Geruch im Büro

Wenn Geruch zur Belastung wird

Ob Geruch im Büro eine Belastung darstellt, ist nur selten objektiv erfassbar. Zu stark ist die wahrgenommene Geruchsqualität (Hedonik) interindividuellen Schwankungen unterworfen. Ob wir gesunder arbeitsplatznämlich einen Geruch als angenehm oder unangenehm empfinden, hat viel mit unserer kulturellen Herkunft, mit positv oder negativ gefärbten Erfahrungen bezüglich des Geruchs, der aktuellen Situation und vielen weiteren Faktoren zu tun.

Daneben gibt es aber auch evolutionäre Faktoren, die bei bei den meisten Menschen etwa gleich ausgeprägt sind und die uns z. B. befähigen verdorbenes Essen oder Trinkwasser zu erkennen. Ob wir einen Geruch überhaupt wahrnehmen ist ebenfalls starken Schwankungen zwischen Individuen unterworfen. Während der eine kaum etwas wahrnimmt, hält man es selbst kaum im Raum aus. Die Gerüche müssen nicht zwingend durch Schadstoffe aus Möbeln, Teppichen, Klebstoffen oder Schimmelpilzen herrühren. Manchmal sind es auch soziale Faktoren, wie das Verhältnis zum Vorgesetzten oder Kollegen und Kolleginnen im Raum, die man einfach „nicht riechen“ kann.

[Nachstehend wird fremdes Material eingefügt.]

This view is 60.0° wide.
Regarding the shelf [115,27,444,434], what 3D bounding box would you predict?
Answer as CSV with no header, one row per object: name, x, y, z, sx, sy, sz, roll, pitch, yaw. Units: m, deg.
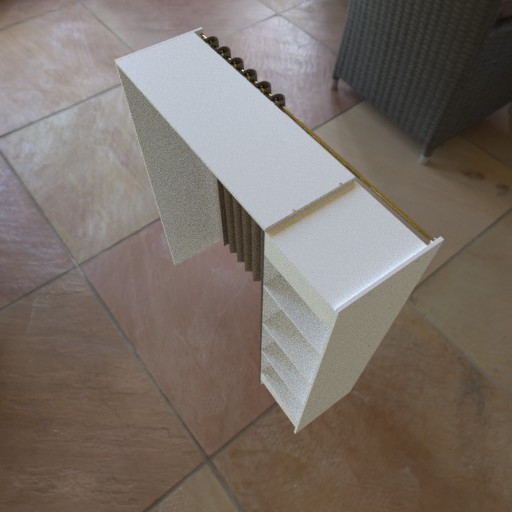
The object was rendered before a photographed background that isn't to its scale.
shelf,0.000,0.000,2.567,0.500,1.820,1.600,-31,62,-18

Häufig sind es aber Schadstoffe, die durch das Einbringen von neuen Bodenbelägen und Einrichtungsgegenständen oder nach Renovierung oder Sanierung in Bestandsgebäuden auftreten und die Raumluft wahrnehmbar belasten.

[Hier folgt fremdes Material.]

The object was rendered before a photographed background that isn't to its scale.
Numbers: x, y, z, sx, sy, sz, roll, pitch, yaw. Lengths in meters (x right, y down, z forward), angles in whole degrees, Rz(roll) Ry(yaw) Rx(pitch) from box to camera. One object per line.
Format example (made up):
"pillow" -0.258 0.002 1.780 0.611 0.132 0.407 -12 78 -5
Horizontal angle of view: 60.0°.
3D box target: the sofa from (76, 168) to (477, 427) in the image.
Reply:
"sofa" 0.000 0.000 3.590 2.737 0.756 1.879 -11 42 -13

Von uns als unangenehm empfundene Gerüche werden von unserem Gehirn meist als Warnsignal interpretiert, worauf der menschliche Organismus evolutionär mit Kampf oder Flucht reagieren möchte. Da dies am Arbeitsplatz (Büro, o.ä.) in der Regel nicht möglich ist, müssen diese Fluchtreflexe unterdrückt werden. Die betroffenen Personen sind physiologisch betrachtet einem Dauerstress ausgesetzt.  Dieser kann nach einiger Zeit zu Erkrankungen führen, obwohl die den Geruch auslösenden Substanzen in der Raumluft aus toxikologischer Sicht nicht einmal schädigend sein müssen. Mögliche Symptome sind vielfältig und können als Kopfschmerzen, Konzentrationsschwäche, Müdigkeit, Augenbrennen, Gereiztheit, Bauchschmerzen, etc. auftreten.

Bei einem unerklärlichen Auftreten von Gerüchen im Büro / Arbeitsraum / Wohnraum ist es daher zunächst wichtig, eine toxikologische Bewertung der Raumluft vorzunehmen, um ein akutes oder chronisches Schädigungsrisiko ausschließen zu können. Bei auffälligen Raumluftkonzentrationen flüchtiger und mittelflüchtiger organischer Verbindungen sollten, entsprechend des in der Raumluft ermittelten Substanzprofils, relevante Quellen aufgedeckt und soweit möglich entfernt werden. Bei „unbelasteter“ Raumluft sollten die psycho-sozialen Faktoren innerhalb der Belegschaft beleuchtet werden.